In 2008 severe drought in Australia resulted in a surge in food prices and, in 2010, Russia was forced to extend its grain export ban due to water shortages.


Taking action

So, how can we prevent the world’s fresh water supplies from running dry? The international community has woken up to the impending water crisis. One of the UN’s Millennium Development Goals was to halve the proportion of those without access to safe drinking water. To make this happen, the UN declared 2005-2015 the International Decade for Action ‘Water for Life’. It promotes actions and policies for better, more sustainable management of resources and improvements in sanitation.

Hot countries with limited rainfall are increasingly using desalination as a means of tapping into the vast water resources of the sea. However, a downside of this is that the desalination process requires expensive infrastructure and uses huge amounts of energy. Cogeneration, or a dual purpose facility, is one way of mitigating the effects. This is where excess heat from power generation is channeled into the desalination process. Most of these cogeneration facilities can be found in North Africa or the Middle East where fossil fuels for generating power are in ready supply. The prime example is the Jebel Ali power and desalination plant in Dubai. It’s the largest of its kind in the world and can produce 300 million cubic meters of fresh water per year.

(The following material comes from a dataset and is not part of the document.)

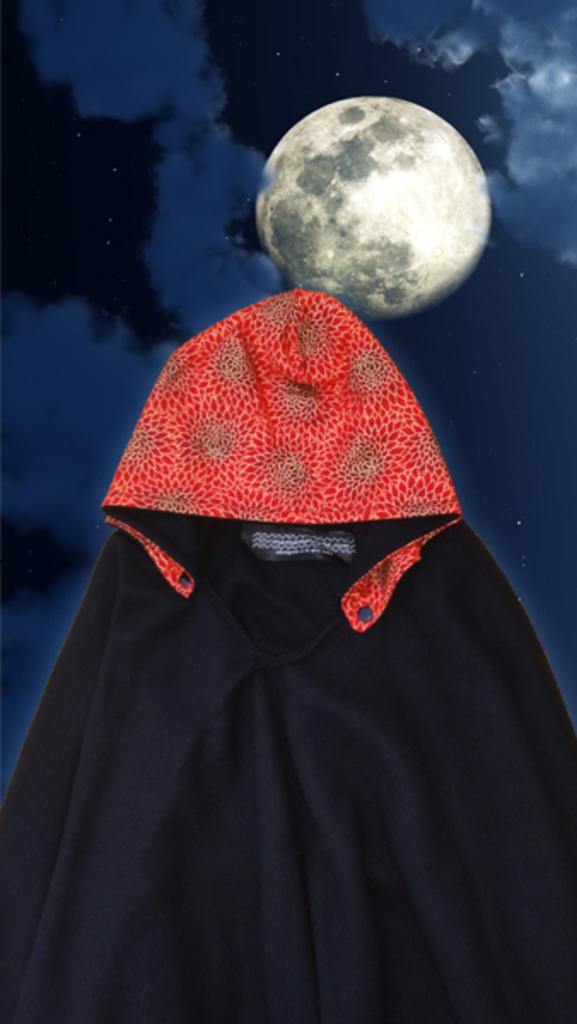What type of clothing item is in the image? There is a jacket in the image. What colors are present on the jacket? The jacket has red and black colors. What can be seen in the background of the image? The moon is visible in the background of the image. What color is the moon in the image? The moon is white in color. What colors are present in the sky in the image? The sky is black and blue in color. Reasoning: To create the conversation, we first identify the main subject of the image, which is the jacket. We then describe its colors to provide more detail. Next, we shift our focus to the background of the image, mentioning the presence of the moon. We describe the color of the moon and the colors of the sky to give a sense of the overall scene. Absurd Question/Answer: Can you see a rifle being used by a toad in the image? No, there is no rifle or toad present in the image.

Another innovation is to use wind turbines to power the desalination process. A Dutch company, called Dutch Rainmaker, is developing this technology. It is also applying the concept to extracting water from air. The wind turbine blades drive a refrigeration compressor and the evaporator within the system cools the air, causing it to condense.

But perhaps the most obvious, and cheapest, worldwide solutions to preventing water shortages in future are more prudent consumption, properly maintained infrastructure and better recycling.

Ensuring the supply of the world’s most important resource is in everyone’s interest.